Hacker News new | ask | show | jobs
by george3d6 1944 days ago
> So I assume that you are doing hyperparameter search? Can you share what optimization method you are using for search (e.g. random, gp )?

Short answer is optuna and ax but only sometimes.

Long answer lead me down a rabbit whole and it's 10k+ words and a few experiments deep. If you're interested in this are specifically ping me, but I've got nothing concrete, however I like discussing it. A recent paper I saw that somewhat echos my thoughts is: https://arxiv.org/pdf/2102.03034.pdf | but some bits feel either over my head and/or overly pedantic and/or overly formal | and I'm not sure I agree with the conclusion | and loads of it is irrelevant. But if the problem interests you I'd suggest giving it some time, with those disclaimers in mind

> Also, is the search can be distributed in parallel to multi node ?
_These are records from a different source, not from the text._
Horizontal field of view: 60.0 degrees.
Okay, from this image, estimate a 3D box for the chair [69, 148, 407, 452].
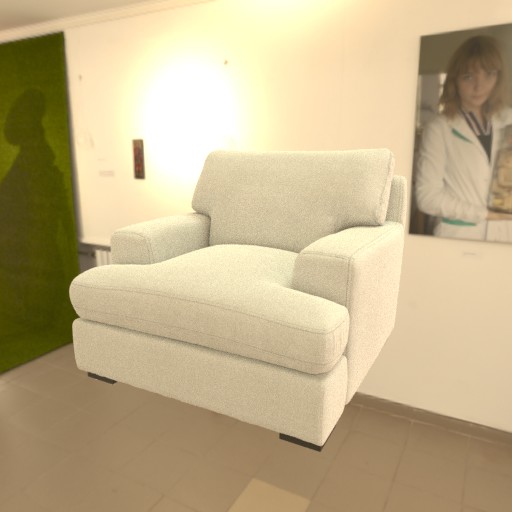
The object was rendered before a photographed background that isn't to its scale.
[{"bbox_3d":[0.000,0.000,1.964,1.140,0.930,1.158,7,15,27],"label":"chair"}]
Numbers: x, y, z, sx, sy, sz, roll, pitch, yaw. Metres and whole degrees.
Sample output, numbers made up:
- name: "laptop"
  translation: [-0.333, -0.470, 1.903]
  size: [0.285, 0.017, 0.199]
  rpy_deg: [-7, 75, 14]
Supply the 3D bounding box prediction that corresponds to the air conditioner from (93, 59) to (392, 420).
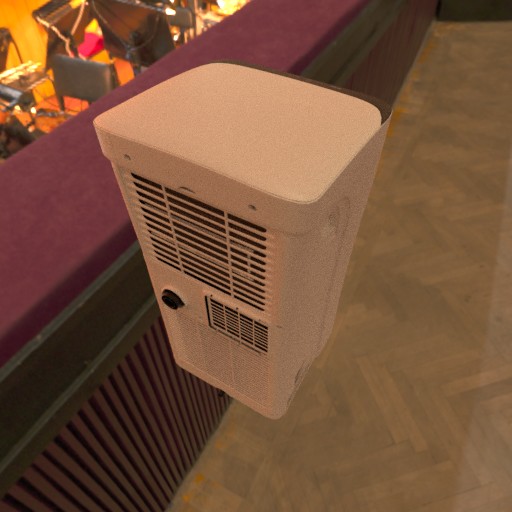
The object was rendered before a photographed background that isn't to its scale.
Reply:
- name: "air conditioner"
  translation: [0.000, 0.000, 0.918]
  size: [0.352, 0.716, 0.369]
  rpy_deg: [24, 52, 20]
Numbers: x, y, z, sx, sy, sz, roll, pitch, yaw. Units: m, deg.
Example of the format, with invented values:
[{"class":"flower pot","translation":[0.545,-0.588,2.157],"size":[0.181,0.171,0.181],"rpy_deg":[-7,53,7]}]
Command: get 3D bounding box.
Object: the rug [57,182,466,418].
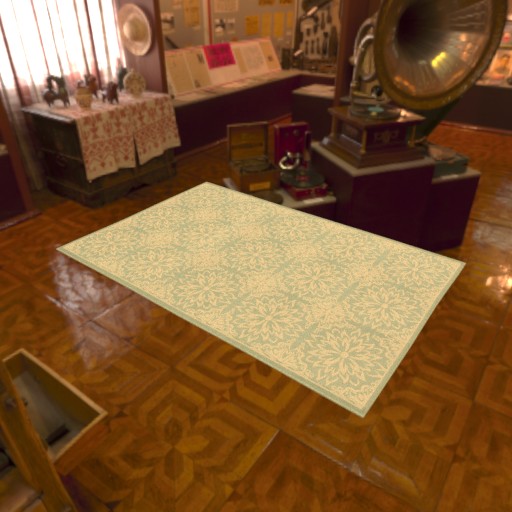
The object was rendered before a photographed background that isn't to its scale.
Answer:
[{"class":"rug","translation":[0.000,0.000,3.553],"size":[2.746,0.018,1.819],"rpy_deg":[22,38,31]}]
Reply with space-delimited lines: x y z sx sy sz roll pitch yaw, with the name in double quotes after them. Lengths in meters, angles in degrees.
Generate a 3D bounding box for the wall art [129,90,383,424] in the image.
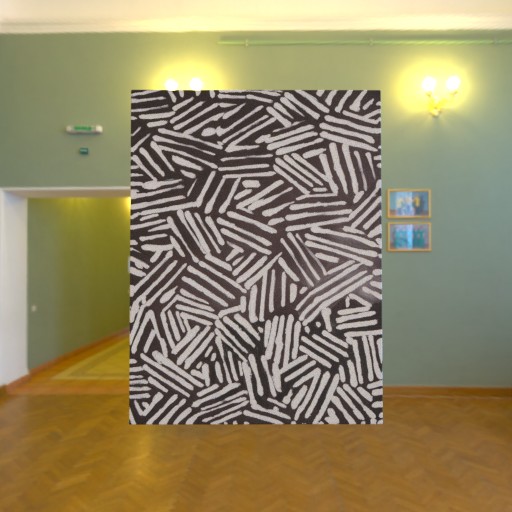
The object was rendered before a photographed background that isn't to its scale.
0.000 0.000 1.363 0.765 1.017 0.038 0 -1 0 "wall art"
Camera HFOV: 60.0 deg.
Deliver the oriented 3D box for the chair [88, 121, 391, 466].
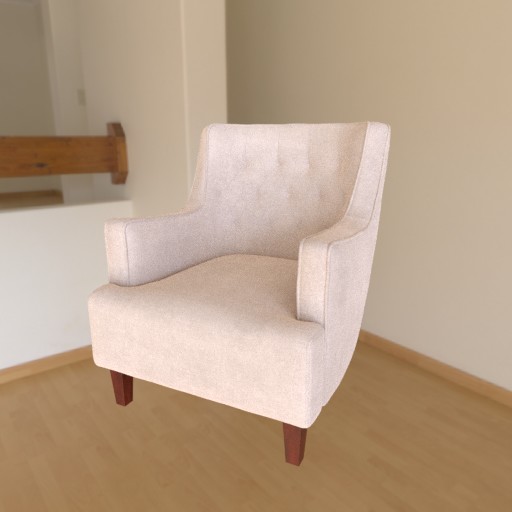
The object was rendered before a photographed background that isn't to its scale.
[{"bbox_3d":[0.000,0.000,1.569,0.781,0.920,0.910,7,17,26],"label":"chair"}]
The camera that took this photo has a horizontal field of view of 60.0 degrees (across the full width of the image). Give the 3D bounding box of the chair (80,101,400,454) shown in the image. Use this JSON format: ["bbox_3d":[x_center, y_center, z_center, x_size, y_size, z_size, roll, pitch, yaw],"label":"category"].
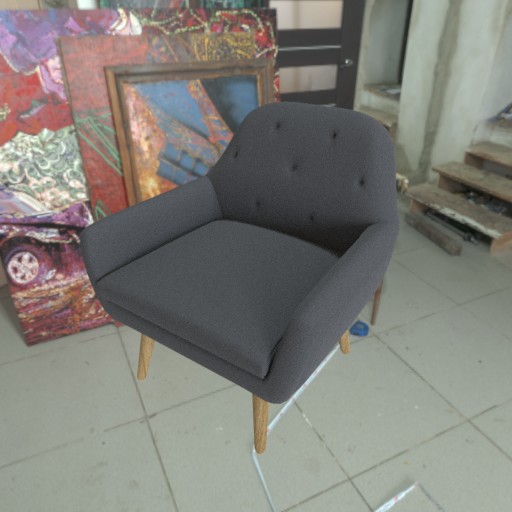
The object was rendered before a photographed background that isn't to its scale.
[{"bbox_3d":[0.000,0.000,1.392,0.770,0.800,0.779,19,35,30],"label":"chair"}]

Theoretically yes, practically it's still WIP to get this to work, but the architecture we have right now is very much conceived with massive distribution in mind (see our docs for more details on that).

> And, if mindsdb is not part of the db, what happen if minddb fail ?

The select query you use to make a prediction returns an error, essentially. Assuming you mean "what happens if it crashes or if the model you are using crashes?".

e.g:

psql> SELECT diagnostic FROM mindsdb.flu_detector WHERE headache=true AND temperature=37.5 AND cough='mild';

psql> Error: External table returned error: "Segfault"

OR

psql> SELECT diagnostic FROM mindsdb.flu_detector WHERE headache=true AND temperature=37.5 AND coughsfsagsa='mild';

psql> Error: External table returned error: Input column `coughsfsagsa` doesn't exist

(or something like that)

> Also, do you support automatic retraining?

Not at the moment, but we're going to add it very soon, with the first implementation allowing retraining with a certain user-set frequency (e.g. once every 2 hours).

Which will allow the model to be always fresh as new data comes in (assuming there's no time limit on the query)

1 comments

Wow. Thanks for the answer and for the paper !. I myself implemented this: https://arxiv.org/pdf/1810.05934.pdf in go.

The issue with retraining is that you need new labels (assume supervised ML). so I wonder what process do you use to get those.